Entries provided

========================

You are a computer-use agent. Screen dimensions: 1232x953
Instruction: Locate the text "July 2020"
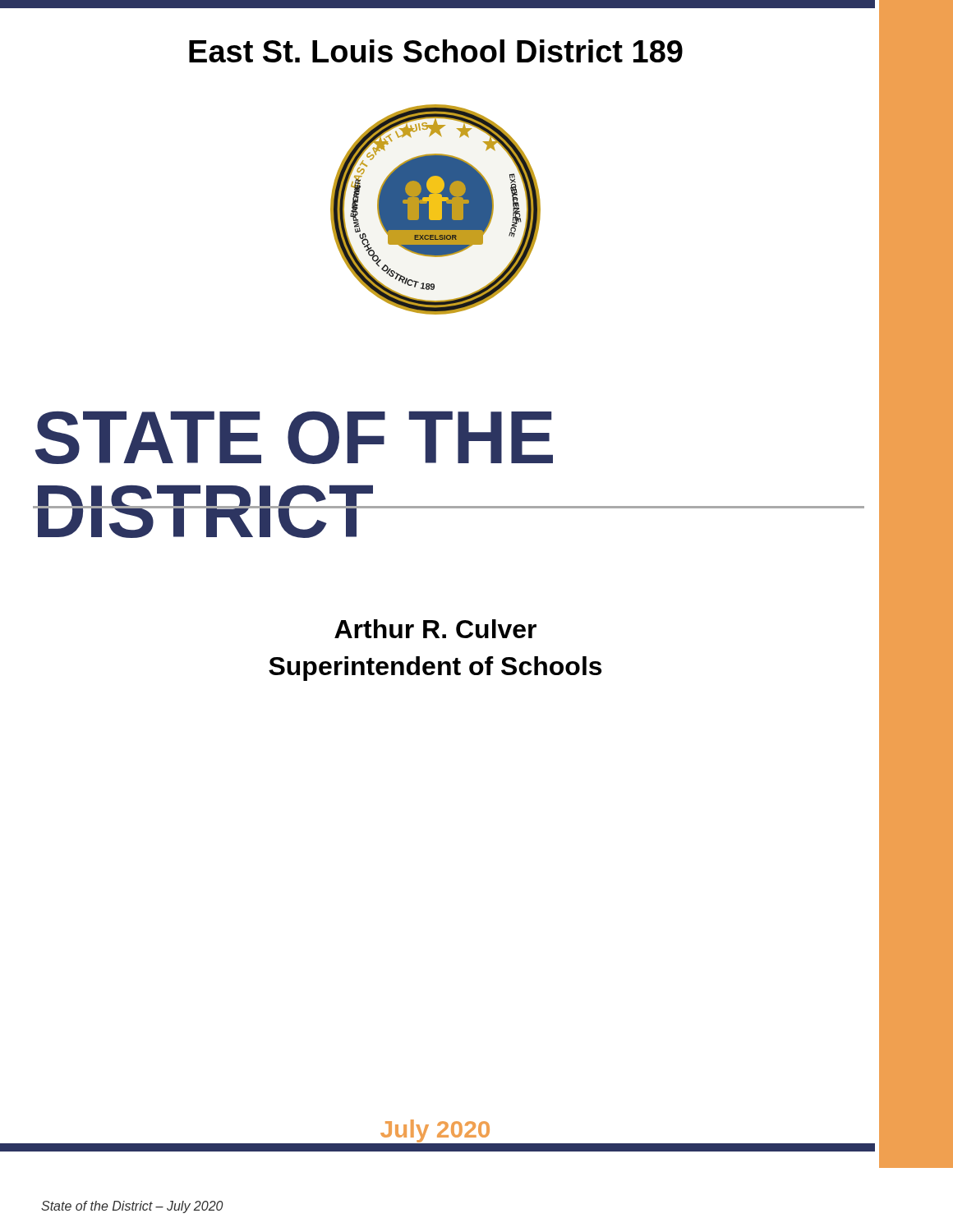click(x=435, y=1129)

========================

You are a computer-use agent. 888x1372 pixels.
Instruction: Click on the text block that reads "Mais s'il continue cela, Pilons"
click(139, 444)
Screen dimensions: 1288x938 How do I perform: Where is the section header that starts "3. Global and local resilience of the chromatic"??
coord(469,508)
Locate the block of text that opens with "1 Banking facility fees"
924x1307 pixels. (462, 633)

========================

All lines holding the word "computer" must be found in the listing and copied.

Answer to this exercise
You are a computer-use agent. Screen dimensions: 1232x953
You are a computer-use agent. 888x1372 pixels.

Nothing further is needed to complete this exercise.